As you hear about the taxonomic authority file projects this morning and the authority control processes in the library community later this afternoon and tomorrow, I would just ask that you listen with an open mind, and that you think critically about the components that are missing in the natural history community, the future directions we need to take, and the ways we can leverage our collective resources. This workshop will be punctuated with coffee breaks, meals, and discussion sessions. I would also ask that you to take advantage of these opportunities to interact with each other—and particularly with individuals outside your own community—and let's see if we can come up with some solid recommendations about what needs to be developed in the systematics community to make more effective use of taxonomic information, particularly its use in biological data management. So those are my objectives for this workshop.

In the long-term, I think the principles and processes that are used in library cataloging can be exploited by the natural history community to accelerate the rate of data capture and to improve the quality of data. I can explain this by showing you the basic concepts encompassed by natural history collections data.

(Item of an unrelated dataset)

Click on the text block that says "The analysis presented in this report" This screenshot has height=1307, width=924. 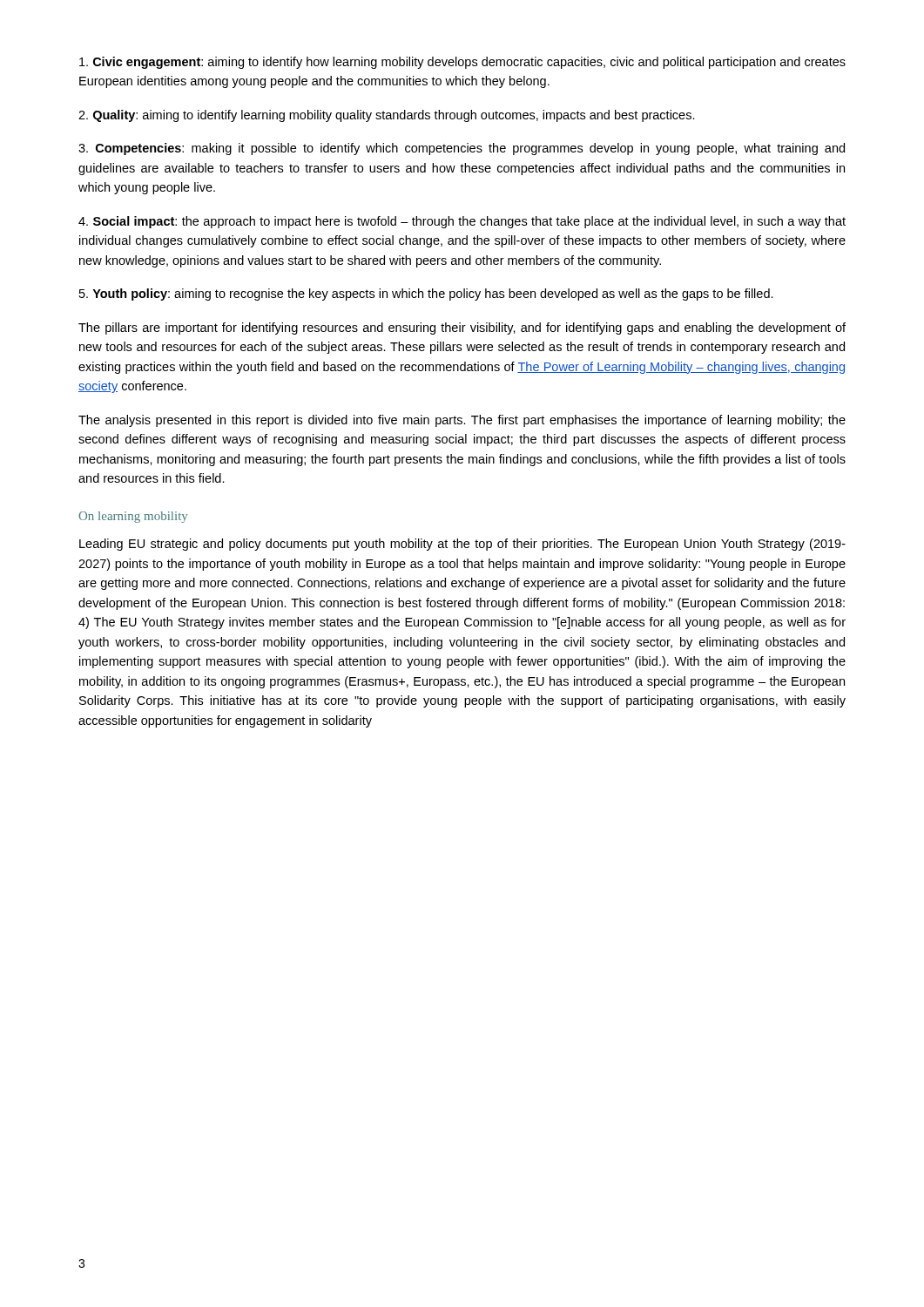coord(462,449)
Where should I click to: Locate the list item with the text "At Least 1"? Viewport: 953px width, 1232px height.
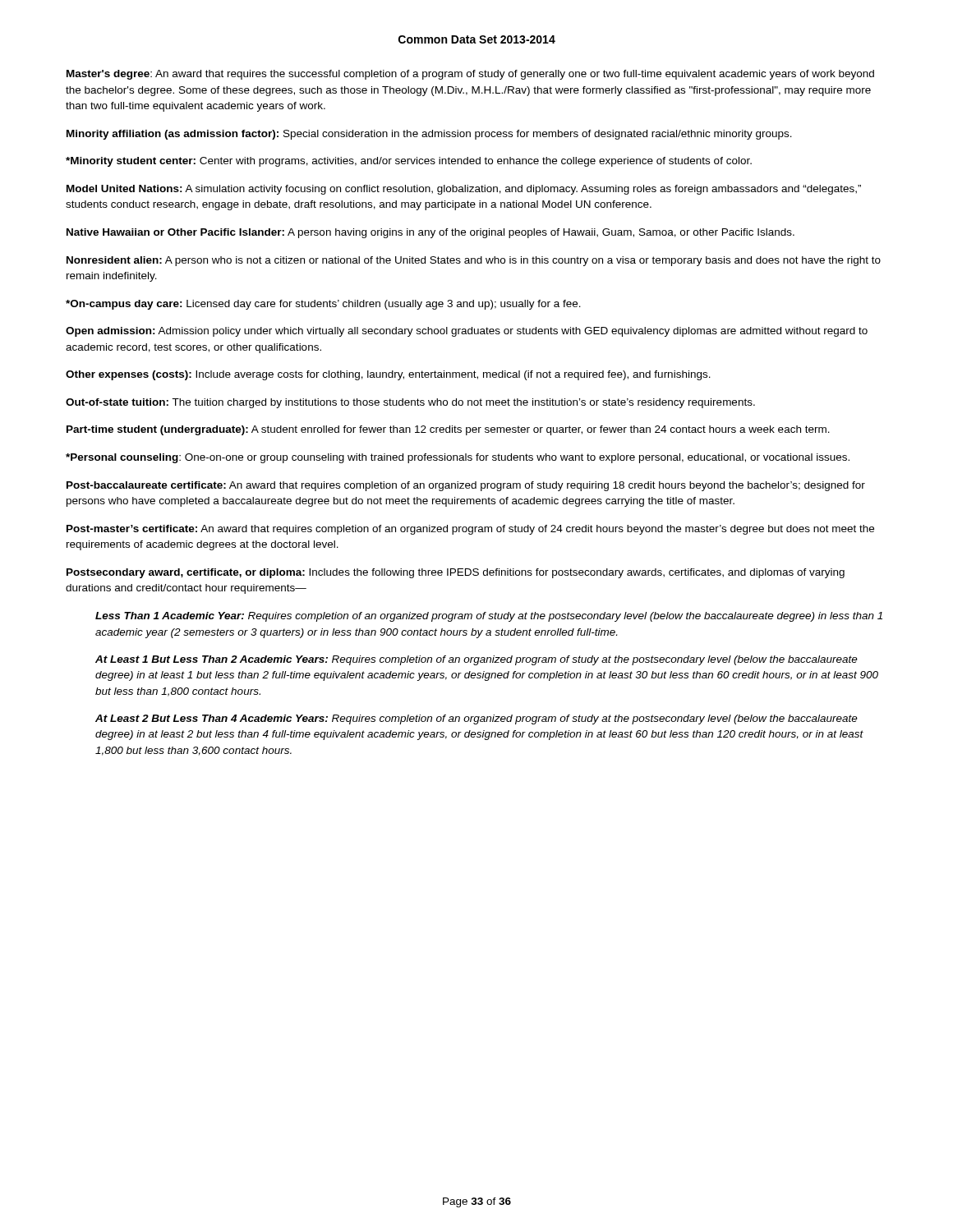[491, 675]

This diagram (Fig. 2) is a somewhat simplified version of the ASC Information Model for Biological Collections.

ASC Model (ER Diagram)
Figure 2. The Association of Systematic Collections, Information Model for Biological Collections. [After ASC, 1993; simplified.]

This model was developed in 1992, in another NSF-sponsored workshop, and represents a reconciliation of the high-level concepts found in the collection databases, across the various systematic disciplines, such as Botany, Entomology, Ichthyology, etc. It shows that there are only about six major concepts or subject areas in the model. If we think about who has control over or responsibility for these data, we see that only the Collection-Object is the purview of any local institution. The rest of the concepts are global that are shared across the entire community and used to describe Collection-Objects.

The role of these other concepts as descriptors might be more clear if we translate this schema into an object-oriented framework (Fig. 3), where objects are in pink and the attributes of objects are in blue. This diagram shows the structure of a hypothetical Collection-Object, and we see that some of its attributes are actually pointers to other objects. Another way of saying this is that a Collection-Object record is made up of component objects. These other objects represent our common language—they are the terms, or the meanings of the terms, we apply to Collection-Objects as descriptors.

Collection Object Data Structure
Figure 3. An object-oriented representation of the data structure for a Collection-Object.

If we were to take the processes of compilation and dissemination that we are talking about applying to taxonomic information, and apply them to the rest of these objects—particularly people, bibliographic references, and localities—we could leverage our resources and in essence create our own system for cooperative cataloging. Sharing these component objects would accelerate the rate at which we capture natural history collections data and would improve the quality of our data. So my longer-range objective is to get you thinking about creating our own cooperative cataloging program, much like the one in the library community, and deploying it within the natural history community.

The program for the workshop is as follows. This morning and in the first part of the afternoon we're going to hear about some example taxonomic authority file compilation projects. In the later afternoon we will begin to hear about authority control the in the library community. The general talks will be this afternoon and the more specific talks, about the structures of authorities, gazetteers, and thesauri, will come tomorrow morning. These will be followed by two talks on data models and data structures for taxonomic information, and then finally, two talks on mechanisms for accessing and replicating authority information.

It's a very full schedule, so let's get right into the program.